India’s Tata Motors became the world’s only vehicle maker that offers a choice of cars ranging from Rs 1 lakh (Nano) to over Rs 1 crore following the acquisition of Ford’s luxury car brand Jaguar, along with Land Rover.
The Jaguar marque sells worldwide for the equivalent of anything between Rs 50 lakh and above and could cost up to Rs 1 crore when imported to India and would drive its new owner into the select club of luxury car makers like BMW and Audi.
Two months ago, Tata Motors earned the distinction of becoming the world’s cheapest car maker when it unveiled Nano – an affordable family car that will begin selling for Rs 1 lakh or nearly USD 2,500 (ex-showroom) later 2008.
But this is not the first time that Tatas are snapping up a British brand. In January 2007, Tata Steel acquired Anglo-Dutch steel maker Corus, a company that earned four times more revenue than the Indian buyer.

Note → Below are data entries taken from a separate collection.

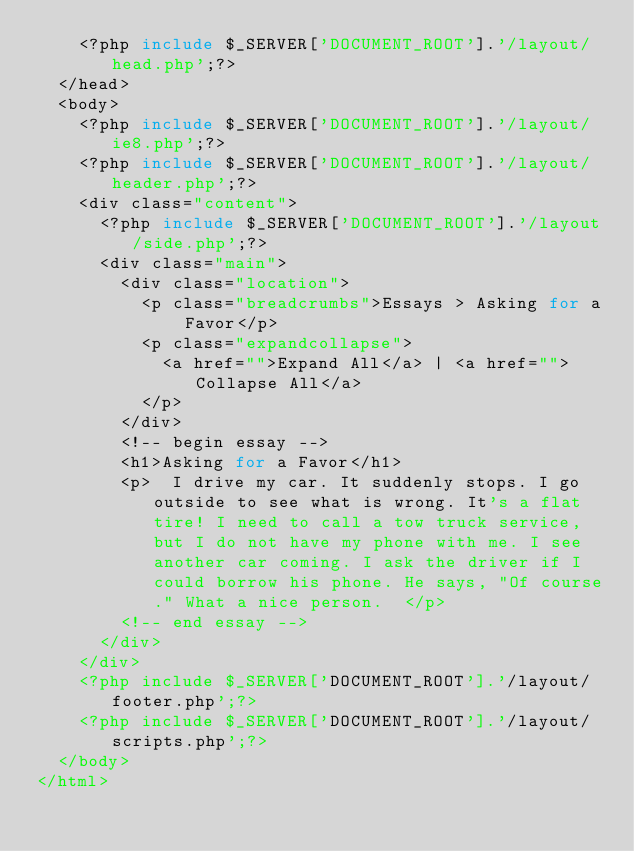<code> <loc_0><loc_0><loc_500><loc_500><_PHP_>		<?php include $_SERVER['DOCUMENT_ROOT'].'/layout/head.php';?>
	</head>
	<body>
		<?php include $_SERVER['DOCUMENT_ROOT'].'/layout/ie8.php';?>
		<?php include $_SERVER['DOCUMENT_ROOT'].'/layout/header.php';?>
		<div class="content">
			<?php include $_SERVER['DOCUMENT_ROOT'].'/layout/side.php';?>
			<div class="main">
				<div class="location">
					<p class="breadcrumbs">Essays > Asking for a Favor</p>
					<p class="expandcollapse">
						<a href="">Expand All</a> | <a href="">Collapse All</a>
					</p>
				</div>
				<!-- begin essay -->
				<h1>Asking for a Favor</h1>
				<p>  I drive my car. It suddenly stops. I go outside to see what is wrong. It's a flat tire! I need to call a tow truck service, but I do not have my phone with me. I see another car coming. I ask the driver if I could borrow his phone. He says, "Of course." What a nice person.  </p>
				<!-- end essay -->
			</div>
		</div>
		<?php include $_SERVER['DOCUMENT_ROOT'].'/layout/footer.php';?>
		<?php include $_SERVER['DOCUMENT_ROOT'].'/layout/scripts.php';?>
	</body>
</html></code>

Although Tatas showed class all the way, they have had to contend with insults be it when they bid for Jaguar-Land Rover or hotel chain Orient-Express.
“I don’t believe the US public is ready for ownership out of India for a luxury-car brand such as Jaguar,” Ken Gorin, the head of Jaguar’s American dealers, had said during the course of Tata’s bid for Ford’s British marques.
However, Tatas have shown the world that they are not the ones to be cowed down by such paradoxical statements by people in the West, whose companies have increasingly been moving jobs to the East to save costs.